Alcohol tasting counters

Photo credit: Changi Airport Group

You can sample alcohol at counters within T4's DFS just as you could at the other terminals. Called experiential zones, the three counters here offer complimentary tastings so you’ll be set before you fly. There’s a DIY cocktail bar, a whiskey house—the second one after the one in T2—that lets you taste an assortment of premium whiskies by profile, region or brand; and for the craft lovers, a counter offering tastings of craft spirits and craft beer on tap should tickle your fancy. Definitely the highlight of the T4 experience.

A Harry Potter-esque TWG

If you’d rather not indulge in a nightcap before you fly, take your taste buds over to the TWG Tea store, its largest retail store in the world. There you can taste complimentary teas, and afterwards marvel at the incredible display of tea tins—over 1000 of them gloriously stacked like the wall in Ollivanders. The wand may choose the wizard, but here you can choose your tea.

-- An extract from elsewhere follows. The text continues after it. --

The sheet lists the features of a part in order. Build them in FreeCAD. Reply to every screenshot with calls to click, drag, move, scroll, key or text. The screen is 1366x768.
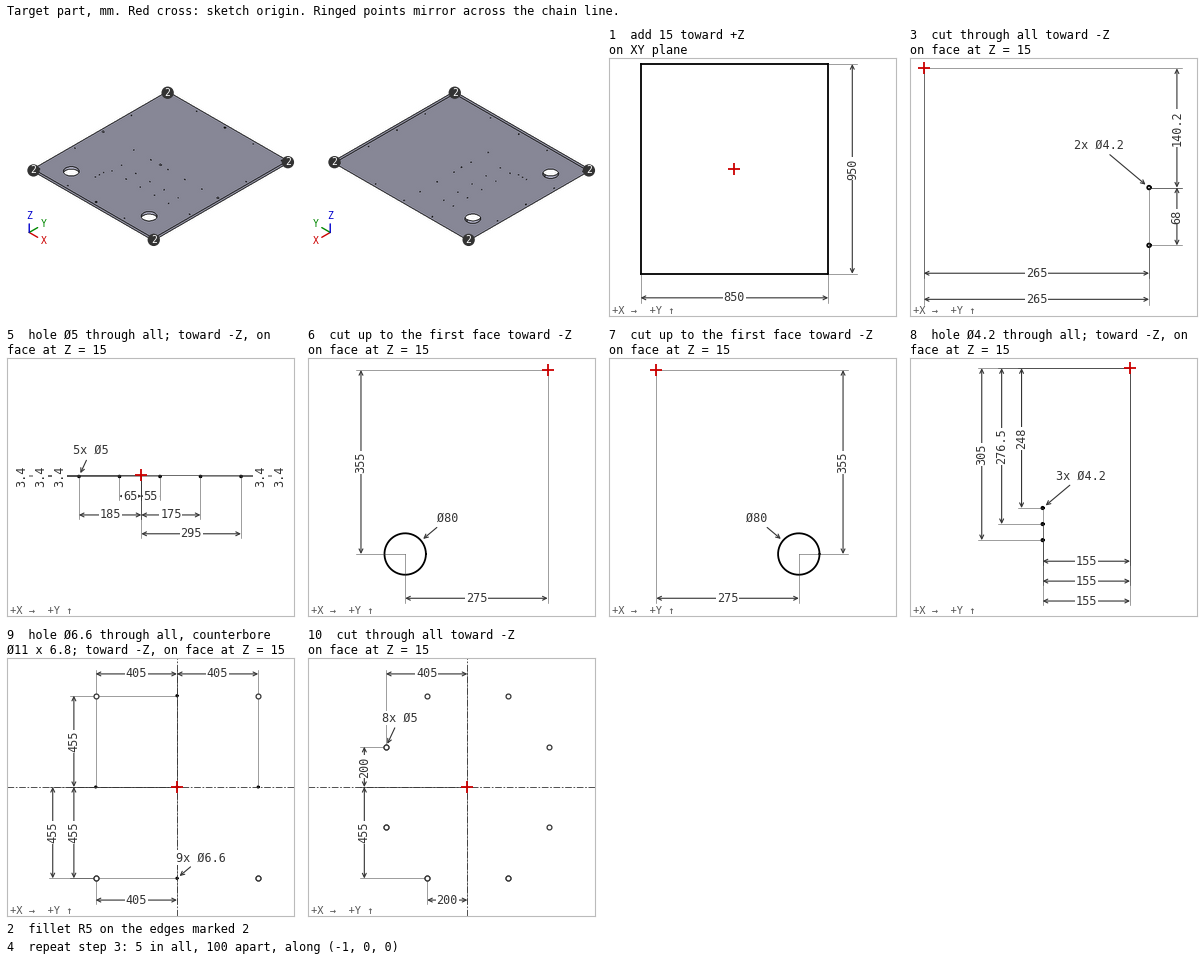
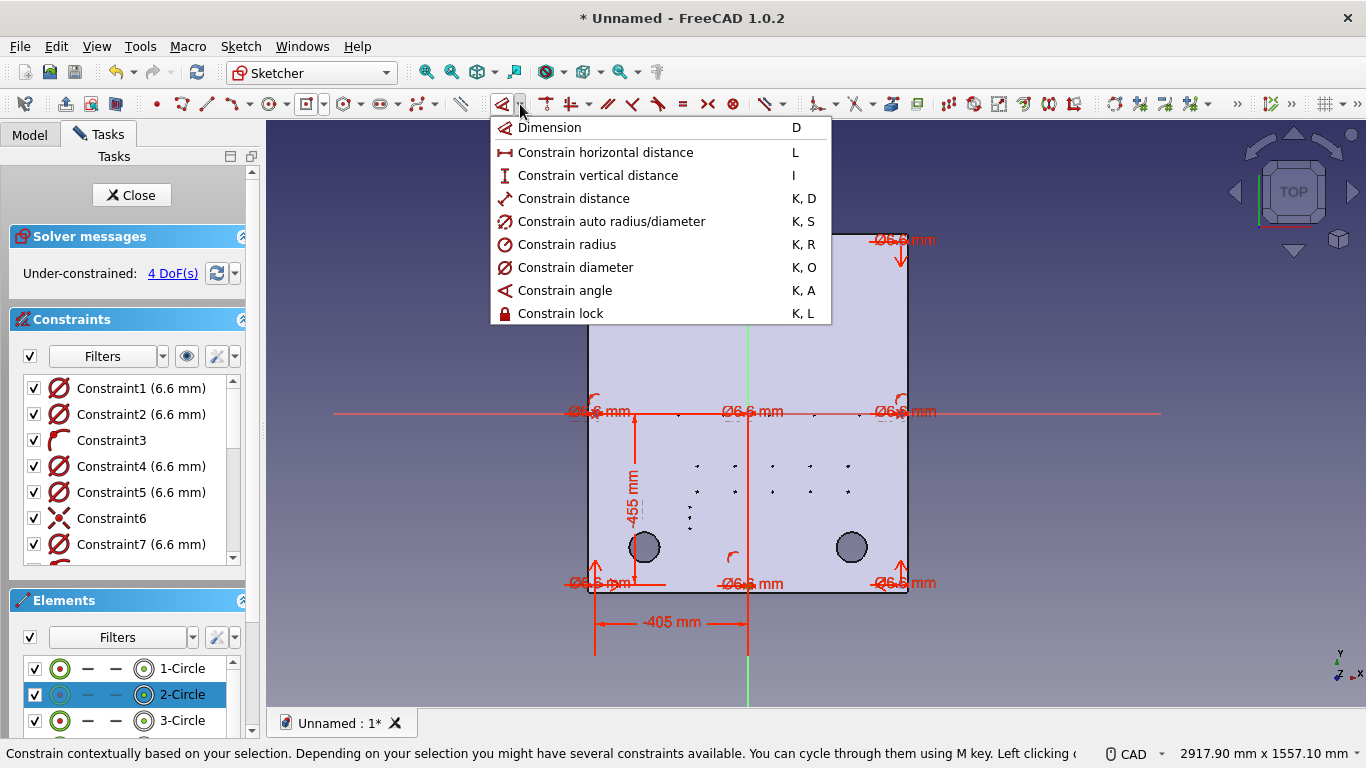
click(661, 176)

Exclusive international retail brands

Take advantage of your tax-free situation and shop the great new brands at T4. Of the many new retail stores, we’ve already got our eye on Moleskine, as well as Airport Pharmacy from Australia, which ladies will be excited to know carries popular sunglasses brand Quay Australia.

Play-test drones and new gadgets

Photo credit: Changi Airport Group

For the gamers and gadget geeks, multi-brand electronics concession E-Gadget will keep you sufficiently occupied through any transit wait. Designed to be interactive, a netted cage lets you test-fly drones and try other smart devices safely, at no obligation to purchase.

Your favorite local food in old-school shophouses

An all-new Heritage Zone takes up the bulk of the transit area, and with good reason. Heritage shophouses not unlike the ones along Joo Chiat house familiar traditional brands like Bee Cheng Hiang, Curry Times, Bengawan Solo, Eu Yan Sang and Heavenly Wang—complete with 1960s-esque decor and working metal shutters. The Heavenly Wang eatery even has working $1-coin slot rides that play local tunes like Chan Mali Chan as they bob hypnotically up and down. The overall aesthetic definitely caters more to tourists looking for a slice of rustic “Singaporean life”, but hey, it’s cute.